Please restate each entry word for word and leave the pictures out.

▶ [DATA RECORDS]:
########################################

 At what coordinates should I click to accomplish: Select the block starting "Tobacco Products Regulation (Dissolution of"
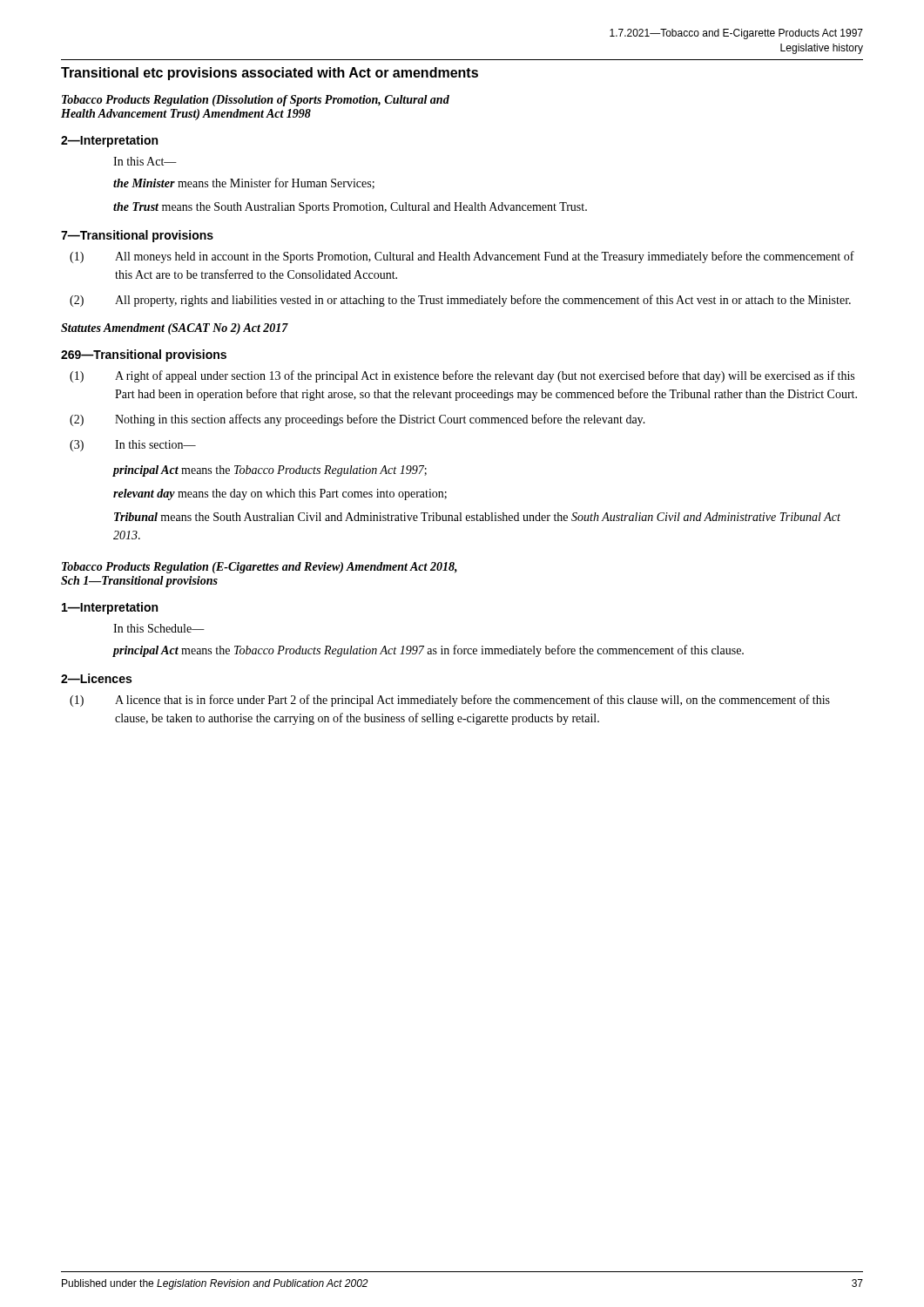(255, 107)
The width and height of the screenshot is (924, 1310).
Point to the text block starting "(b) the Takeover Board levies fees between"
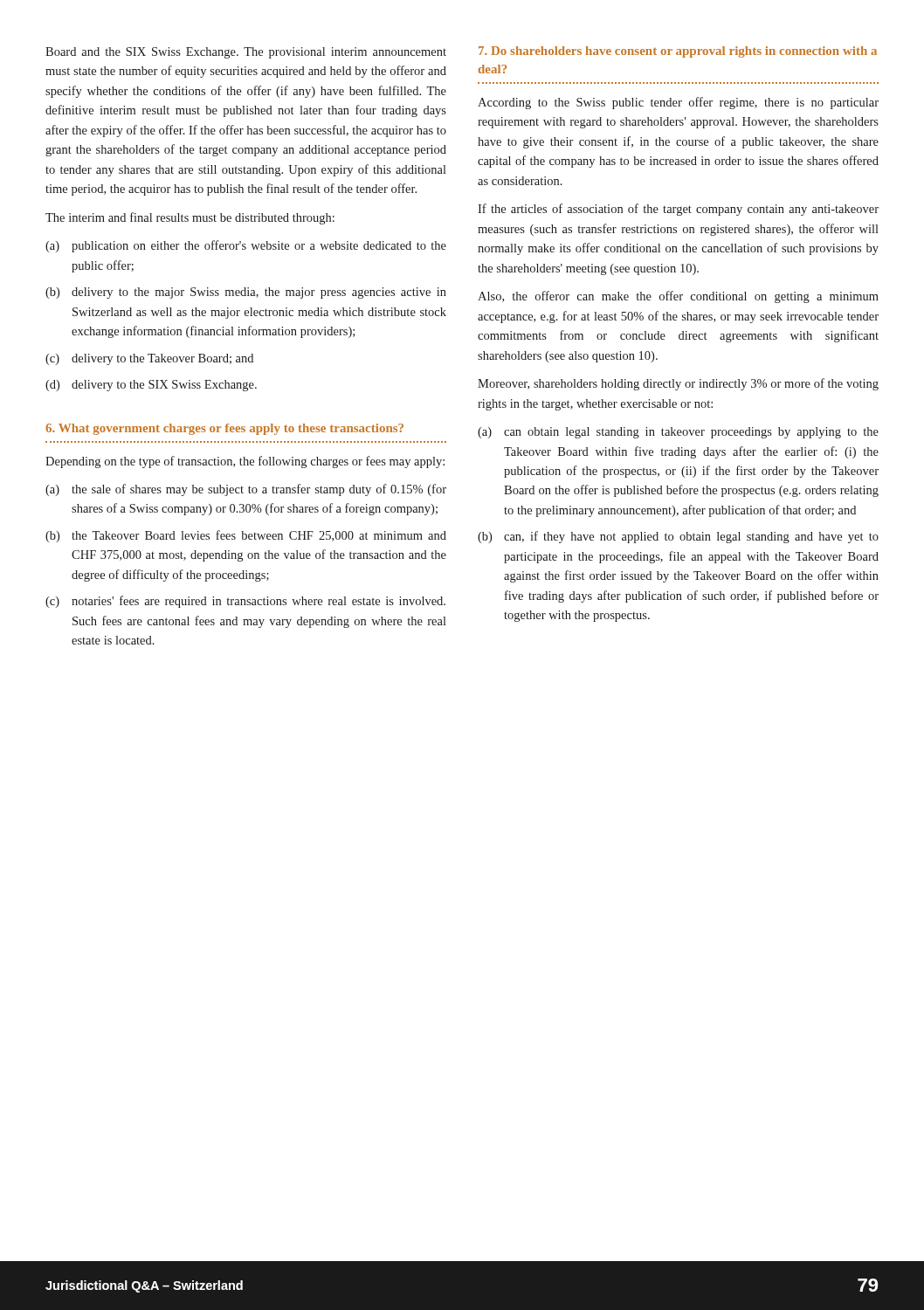pos(246,555)

########################################

▶ [ANSWER AREA]:
 At what coordinates should I click to accomplish: Select the block starting "Tobacco Products Regulation (Dissolution of"
(255, 107)
The width and height of the screenshot is (924, 1310).
Point to the text block starting "(b) the Takeover Board levies fees between"
pos(246,555)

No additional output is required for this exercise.